Genomic DNA from cells was harvested by quick extraction buffer (Epibio), sgRNA target sites were amplified by PCR, and the products were sequenced on an Illumina NextSeq 500 [34]. We mapped the reads to the reference sequence using BWA (version 0.7.5) and SAMtools (version 0.1.19). VarScan2 (version 2.3) was used to identify insertions and deletions with the “pileup2indel” mode and parameters “--min-var-freq,” “--min-avg-qual,” and “--p-value.”

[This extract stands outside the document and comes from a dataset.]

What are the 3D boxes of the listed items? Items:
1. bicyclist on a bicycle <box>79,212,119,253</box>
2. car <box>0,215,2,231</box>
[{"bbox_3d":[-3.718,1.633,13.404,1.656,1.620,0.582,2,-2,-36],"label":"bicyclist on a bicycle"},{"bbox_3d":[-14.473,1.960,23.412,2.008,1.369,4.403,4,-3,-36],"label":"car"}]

RNA-seq and bioinformatics analysis

RNA-seq libraries were generated using Illumina TruSeq kit, as described [38]. Paired-end 75-nt sequencing was performed using NextSeq. Reads were trimmed and primer sequences were removed using Trimmomatic (v 0.30). Reads were aligned to the mm10 genome using STAR (version 2.3.0e) with default parameters and uniquely mapping reads were selected. Redundant read pairs were removed using Samtools (version 0.0.19). For each gene annotated in GENCODE M7, the number of reads per gene was calculated using HTSeq. Percent exon 2 inclusion (Percentage Splicing Index, PSI or Ψ) for Kras was calculated as: (exon 1-2 + exon 2-3)/(exon 1-2 + exon 2-3 + exon 1-3). For global alternative splicing analysis, alternatively spliced exons were called using MISO 0.5.3 with default settings [39] and filtered with stringent cutoffs (ΔΨ ≥ 0.2, total reads ≥ 10, and Bayes factor ≥ 10).

Western blot analysis

Protein lysates from cultured cells were prepared in RIPA buffer with proteinase and phosphatase inhibitors. Proteins were separated on 4–12% NuPage Bis-Tris gels (Life Technologies, NP0321), transferred to nitrocellulose membrane, and probed with 1:1000 anti-β-Catenin antibody (BD 610154) or 1:5000 anti-Actin antibody (CST 8457).

RT-PCR and TOPO cloning

RNA was purified using RNeasy Mini Kit (Qiagen). First strand cDNA was synthesized using Superscript (ABI) and target sequences were amplified using LA-Taq (Clontech) or Herculase II (Agilent). Primers were listed in Additional file 1: Table S2. Gel bands were quantified using the ImageQuant TL software. Exon skipping products were gel purified, re-amplified using the same PCR protocol to increase yield, and cloned into a TOPO vector. TOPO clones were submitted to Genewiz for sequencing. Representative results from two lentiviral infections are shown.